HW3/P5/P5.txt

Part 1. implement updates from neighbors
[Maze1]
Finished after 880 iterations, 277.56768 ms total, 0.315417818182 ms per iteration
Found 2 regions

[Maze2]
Finished after 516 iterations, 162.2668 ms total, 0.314470542636 ms per iteration
Found 35 regions

--------------------
Part 2. fetch grandparents
[Maze1]
Finished after 529 iterations, 166.75776 ms total, 0.315232060491 ms per iteration
Found 2 regions

[Maze2]
Finished after 273 iterations, 85.42904 ms total, 0.312926886447 ms per iteration
Found 35 regions

--------------------
Part 3. merge parent regions
[Maze1]
Finished after 10 iterations, 3.08848 ms total, 0.308848 ms per iteration
Found 2 regions

[Maze2]
Finished after 9 iterations, 2.77736 ms total, 0.308595555556 ms per iteration
Found 35 regions

--------------------
Part 4. efficient grandparents
[Maze1]
Finished after 884 iterations, 273.95088 ms total, 0.30989918552 ms per iteration
Found 2 regions

[Maze2]
Finished after 517 iterations, 161.49896 ms total, 0.312377098646 ms per iteration
Found 35 regions

Using efficient grandparents, the program runs about 60% slower than part 2, suggesting the serialization to avoid redundant memory reads does not optimize as we think it to be. The possible reason is the memory reads are not so inefficient comparing to other operations such as assignments and therefore the time efficiency is not bound by memory reads. In other words, comparing to the increase in time from serialized label propagating, the time saved from memory reads is trivial. Using single thread and loop over all elements in the local group makes the program inaccessible to the advantages of parallel propagating, and therefore results in more iterations. And the iteration speed is now bound by the single thread (in my program the first one), but is not significant in this case.

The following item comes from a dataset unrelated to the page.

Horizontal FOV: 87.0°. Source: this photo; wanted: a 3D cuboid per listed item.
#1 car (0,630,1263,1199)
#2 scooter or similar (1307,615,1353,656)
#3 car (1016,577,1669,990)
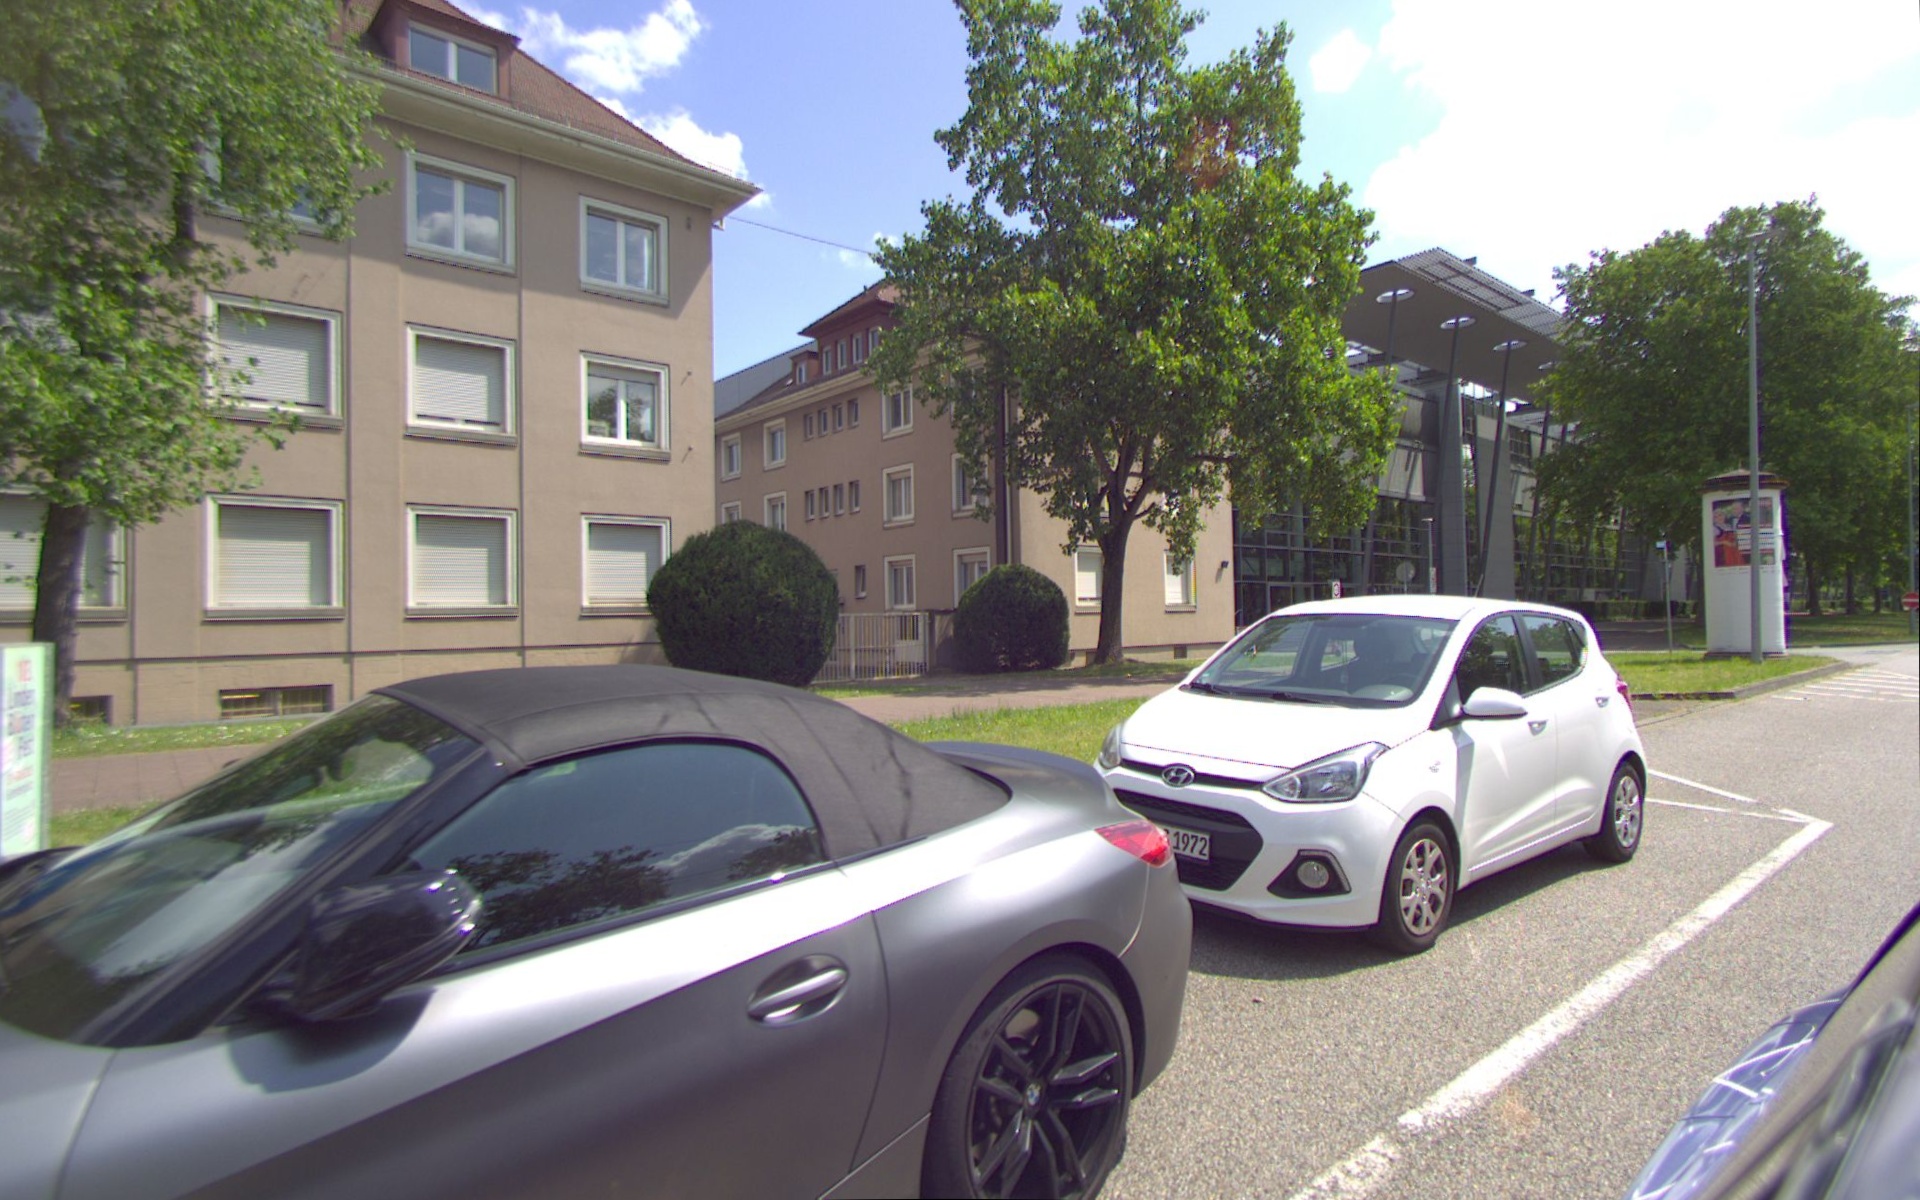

This happens on my laptop with Intel Iris 1536 MB it is the case. Things might be different for other graphics cards where memory reads is really slow and this kind of serialization will help.

--------------------
Part5. no atomic operations

The advantage of using atomic operation is that it contains comparison and writing in one step and therefore serializes memory access and avoids writing conflicts. Using min will not have this effect: we are not sure which thread last writes the label when they access to the same element together. However, since labeling is not a one-time process, it takes multiple iterations and propagating the labels until not change flag. Therefore, using min() will not affect the final labeled result, but may take slightly more iterations.